На одном приходе умерла постоянная прихожанка. Провожали ее всем миром, с благодарностью вспоминали, что она буквально жила в храме, помогала во всех хозяйственных нуждах, ни одного праздника не пропускала. И мало кому хотелось помнить, что сын и невестка, жившие с ней в квартире, практически изолировались от матери, даже с внуком женщине почти не случалось видеться.
А есть ныне здравствующая пара — прекрасные верующие люди из среды творческой интеллигенции, щедрые благотворители, участники в том числе и различных церковных проектов для детей. Только взрослые дочери — тоже верующие, воцерковленные — готовы с первым встречным делиться обидами и откровенной неприязнью к родителям.
Верующие дети с неверующими родителями общаются порой не лучше. Многим ли не приходилось замечать, как их спокойствие, рассудительность, и, временами, откровенная елейность — вдруг сменяется высокомерным раздражением или снисходительной насмешкой: это мама позвонила.
Приходилось видеть и такую сценку из жизни воцерковляющейся семьи: безобиднейшая дама средних лет, благоговейно причастившись, мило раскланявшись с прихожанками, выходит из храма и буквально шипит на супруга, который посмел сбегать на «перекур»...
Дома же этому супругу предстоит самостоятельно готовить себе изысканное блюдо типа «пельмени по-холостяцки», потому что у нее-то — пост.

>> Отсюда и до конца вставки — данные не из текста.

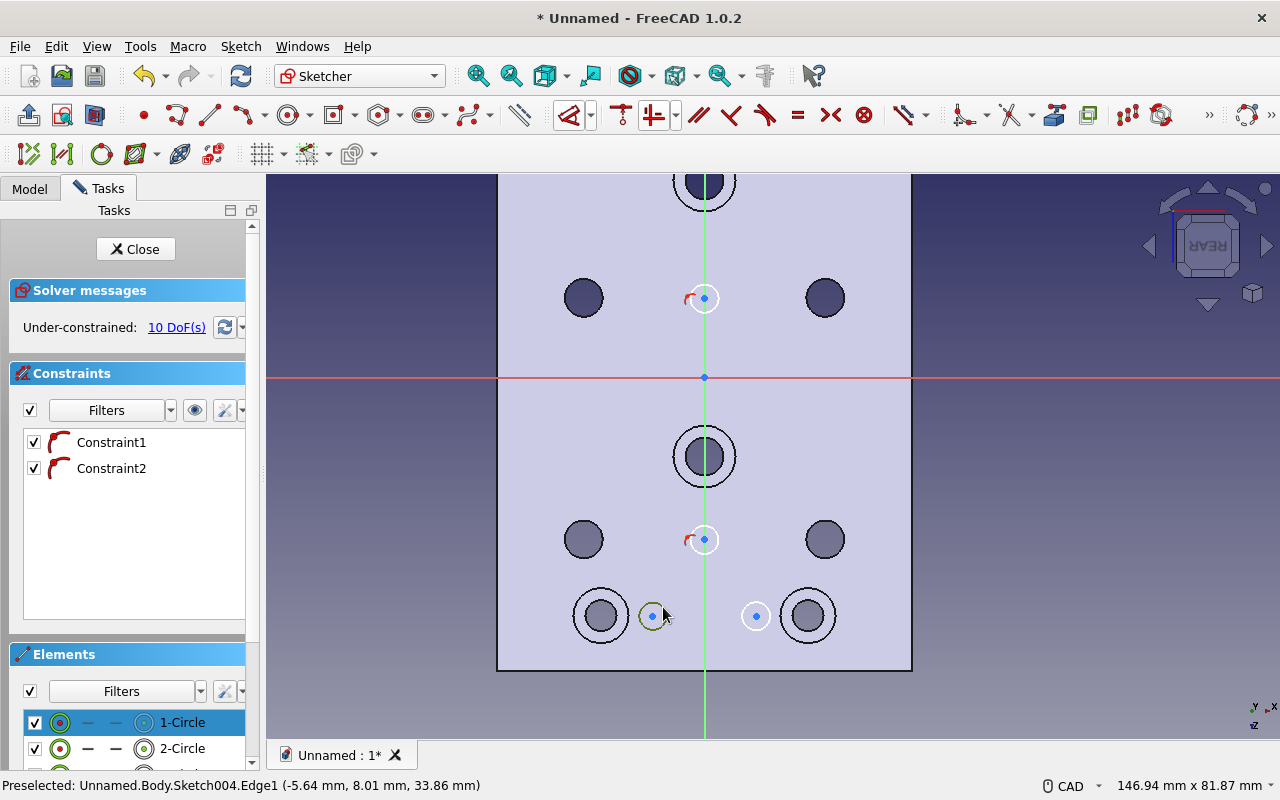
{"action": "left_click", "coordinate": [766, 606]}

Удивительно, но придя в Церковь, мы с ходу беремся осваивать евангельское понимание слова ближний из притчи о самарянине, совершенно забывая, что оно расширяет, а не отменяет обычное значение этого слова — близкий, родственник. Почему-то на практике легче оказывается привечать дома цыганский табор, катехизировать коллег, писать апологии, ежедневно мыть полы в храме — чем учиться не орать на детей, уважать чужое мнение и говорить «прости» близким родственникам. Начинается «православная шизофрения»: ангел добрый, приходя домой, снимает крылья еще перед порогом. А встречая законное сопротивление, утешается тем, что «нет пророка во отечестве...» и «диавол через родных восстает на подвижника».
Только в нашем случае проблема, чаще всего, не в «отечестве», не признающем пророка, а в том, что мы рановато в пророки метим. Взрослых родственников, особенно подросших детей, мы желаем «обратить» еще прежде, чем сами толком обратились и научились отличать главное в нашей вере от второстепенного. Часто такой блицкриг как раз тем и завершается, что взрослый сын вешает замок на дверь своей комнаты, и несостоявшаяся «святая Моника» отправляется проповедовать неимущим и обездоленным, причем с ощутимо более заметным успехом.
Конечно, доброделания по отношению к дальним никто не отменял, Господь ждет его от нас — но, думается, не раньше, чем по отношению к домашним. «Кто о своих, особенно о домашних, не печется, тот оставил веру и хуже язычника» — это слова апостола Павла.
Действительно, современный язычник, не заморачиваясь духовными нуждами, заботится хотя бы о душевном и телесном комфорте близких. А мы, христиане, отчего-то решаем, что погладить мужу костюм — это «суета сует», а отвести ребенка в изостудию — «надмевает тщеславие».
И попытки домашних вернуть нас с небес на землю мы воспринимаем не иначе как следствие их приземленной, суетной, греховной жизни.
Но проблемы чрезмерного смещения нашей активности из круга родных вовне характерны не только для семей, разделенных на верующих и неверующих. Видимо, и начинающему и «продвинутому» христианину очень уж некомфортно без чувства собственной правильности, которое в семье порой изрядно попирается.
Нет, мы, конечно, помним, что мы грешники — но мы и грешники «правильные», кающиеся. Мы о себе на исповеди такого порасскажем — священник вострепещет от глубины самоанализа. «Батюшка, и что ж я за дура!» — можем даже прибавить патетически. А стоит мужу при случае нам заметить: «Ну, что за глупости...» — ох, и «ответит» он за эти «глупости». Дура, мол, я в храме, «для смирения», а у себя дома — столп и утверждение истины.
Практика показывает, что быть христианином там — возвышенно, легко и приятно. Наша признанная — на приходе или шире — «святость» тешит не столько тщеславие (уж это «фи», грех очевидный), сколько дает чувство «глубокого морального удовлетворения», наглядно иллюстрирует, что мы действительно служим Богу. А дома чем Ему послужишь? Мытьем посуды? Неет, уж лучше в «сеть» пойти, бороться с антиклерикалами.
Можно многим помочь и многое сделать на ниве церковной, но иногда мне кажется, что в полной мере оценить, действительно ли это во славу Божию — можно будет по состоянию семьи делателя, лет через двадцать.